Until recently, good evidence for any benefit of face-down positioning following surgery for macular holes has been lacking. Several non-randomised comparative series report high rates of anatomical closure with limited or no face-down positioning at all.7, 8, 9, 10 In 2008, however, Guillaubey et al17 reported the results of a RCT that suggested that face-down positioning for 5 days can improve the likelihood of hole closure, particularly closure of large holes. In their study, however, nearly half of the eyes underwent combined phaco-vitrectomy. Simultaneous cataract surgery may facilitate a more complete vitrectomy enabling injection of a larger volume of gas than in phakic eyes, which could reduce the need for face-down positioning in this group of subjects. This has been investigated in a companion study18 that suggests no benefit from posturing when vitrectomy is combined with cataract surgery. Furthermore, Guillaubey et al arbitrarily used a range of tamponade gases according to the size of the macular hole and acknowledged that this could also be a source of potential bias. Systematic reviews and meta-analyses of the relevant trials are limited by significant differences in the surgical techniques used, post-operative positioning regimes prescribed and outcome measures reported.14 There is a consensus that appropriately designed randomised controlled studies are required to investigate this question.19, 20 The aim of this pilot RCT was to explore the feasibility of a definitive trial to determine the value of face-down positioning following vitrectomy, ILM peeling, and C3F8 gas tamponade for full-thickness macular holes, without simultaneous phacoemulsification. In our study, we observed an anatomical closure rate of 93.3% and a mean visual acuity gain of 0.23 logMAR unit in the posturing group, a result that is consistent with previously published data.17, 21 In the non-posturing group, in contrast, we found a MH closure rate of only 60% and a mean visual acuity gain of 0.05 logMAR unit. The non-posturing group may have a worse outcome because of increased risk of cataract.11 The visual acuity outcomes in this study are less good than those in our companion study.18 This difference may reflect the effect of lens opacities in subjects in this study and the earlier assessment of outcome (6 weeks vs 6 months).
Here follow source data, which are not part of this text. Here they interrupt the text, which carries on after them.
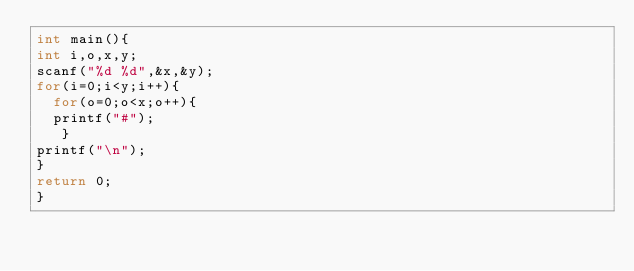Convert code to text. <code><loc_0><loc_0><loc_500><loc_500><_C_>int main(){
int i,o,x,y;
scanf("%d %d",&x,&y);
for(i=0;i<y;i++){
  for(o=0;o<x;o++){
  printf("#");
   }
printf("\n");
}
return 0;
}</code> 
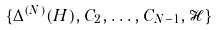<formula> <loc_0><loc_0><loc_500><loc_500>\{ \Delta ^ { ( N ) } ( H ) , C _ { 2 } , \dots , C _ { N - 1 } , \mathcal { H } \}</formula> 
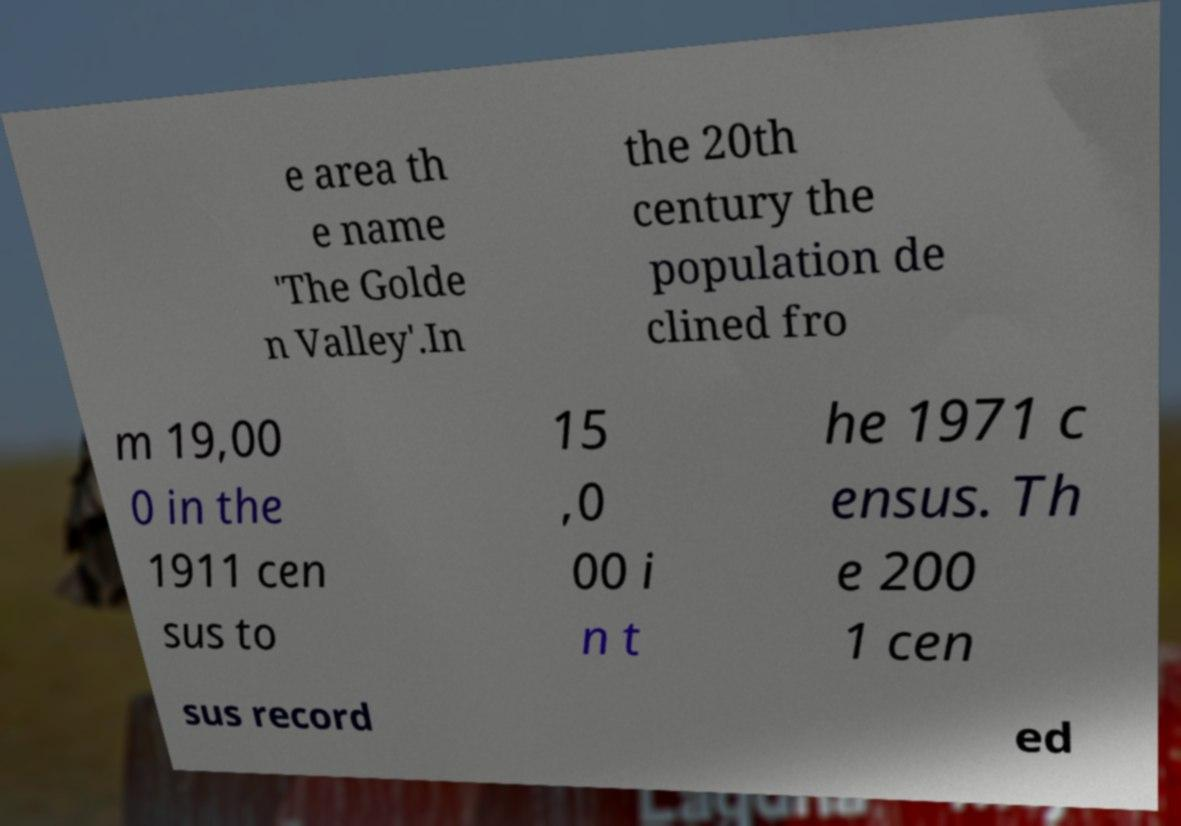I need the written content from this picture converted into text. Can you do that? e area th e name 'The Golde n Valley'.In the 20th century the population de clined fro m 19,00 0 in the 1911 cen sus to 15 ,0 00 i n t he 1971 c ensus. Th e 200 1 cen sus record ed

The results of this study are consistent with those of Guillaubey et al17 in suggesting that post-operative face-down positioning can improve the likelihood of macular hole closure. The possible benefit of face-down positioning appears to be relevant to macular holes of greater than 400 μm in diameter. We are not able to make firm conclusions from this trial, because the number of eyes is small.

However, we calculated that a two-group χ2-test with a 0.05 two-sided significance level will have 90% power to detect the difference between a group 1 proportion of 0.9 and a group 2 proportion of 0.6, when the sample size in each group is 42. A definitive RCT will therefore need to include a minimum of 42 eyes in each arm to be able to determine the value of face-down positioning, with confidence in eyes that undergo vitrectomy and ILM peel without simultaneous cataract surgery.